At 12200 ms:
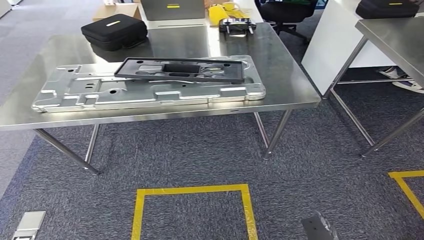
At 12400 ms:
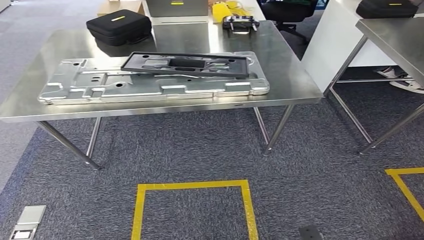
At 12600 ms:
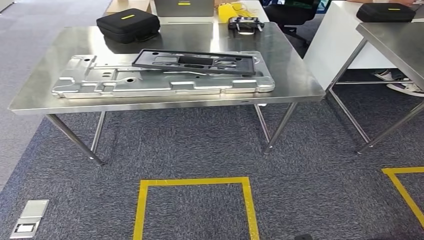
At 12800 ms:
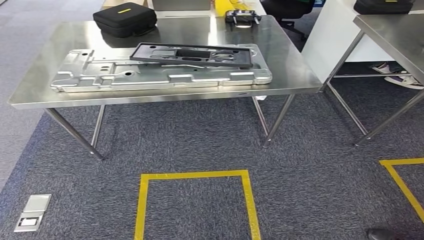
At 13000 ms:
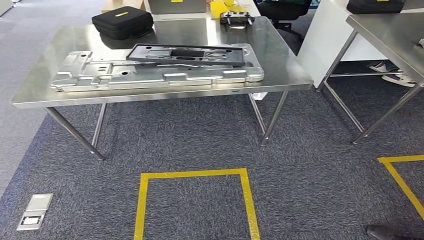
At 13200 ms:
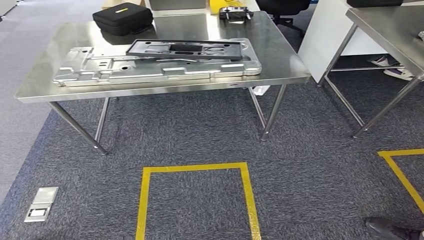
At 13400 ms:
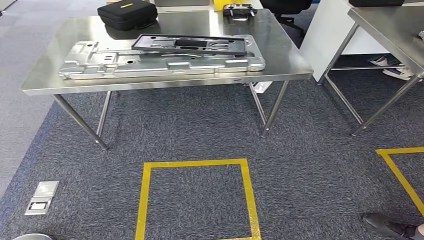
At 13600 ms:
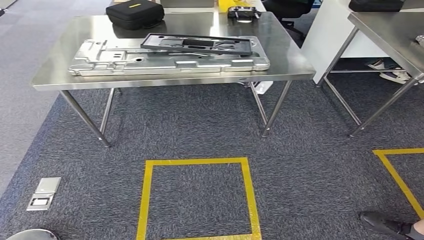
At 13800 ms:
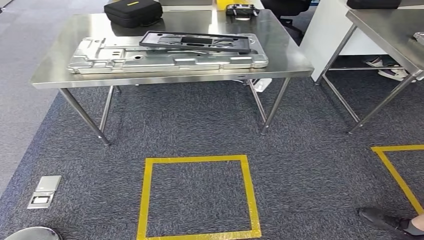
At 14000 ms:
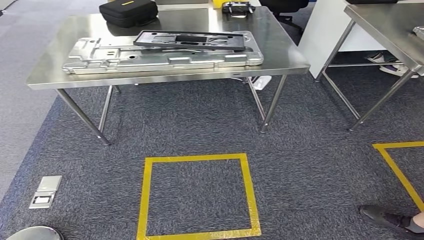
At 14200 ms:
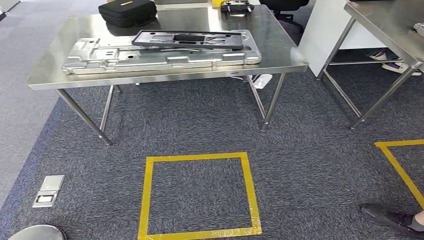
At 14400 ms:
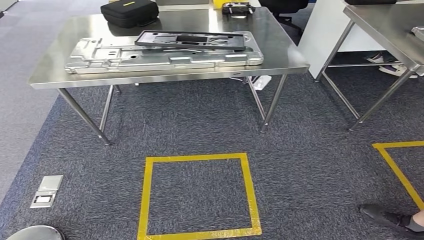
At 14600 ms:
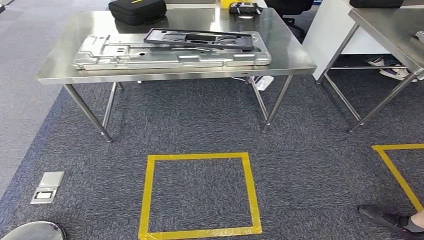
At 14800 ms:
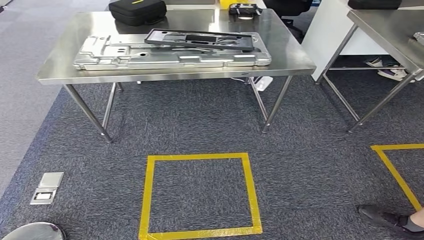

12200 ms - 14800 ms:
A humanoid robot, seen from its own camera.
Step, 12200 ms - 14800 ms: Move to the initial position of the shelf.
-*-*-
Print the full listing exactly, dropping the pictures.

**Output of the exercise**
At 12200 ms:
At 12400 ms:
At 12600 ms:
At 12800 ms:
At 13000 ms:
At 13200 ms:
At 13400 ms:
At 13600 ms:
At 13800 ms:
At 14000 ms:
At 14200 ms:
At 14400 ms:
At 14600 ms:
At 14800 ms:

12200 ms - 14800 ms:
A humanoid robot, seen from its own camera.
Step, 12200 ms - 14800 ms: Move to the initial position of the shelf.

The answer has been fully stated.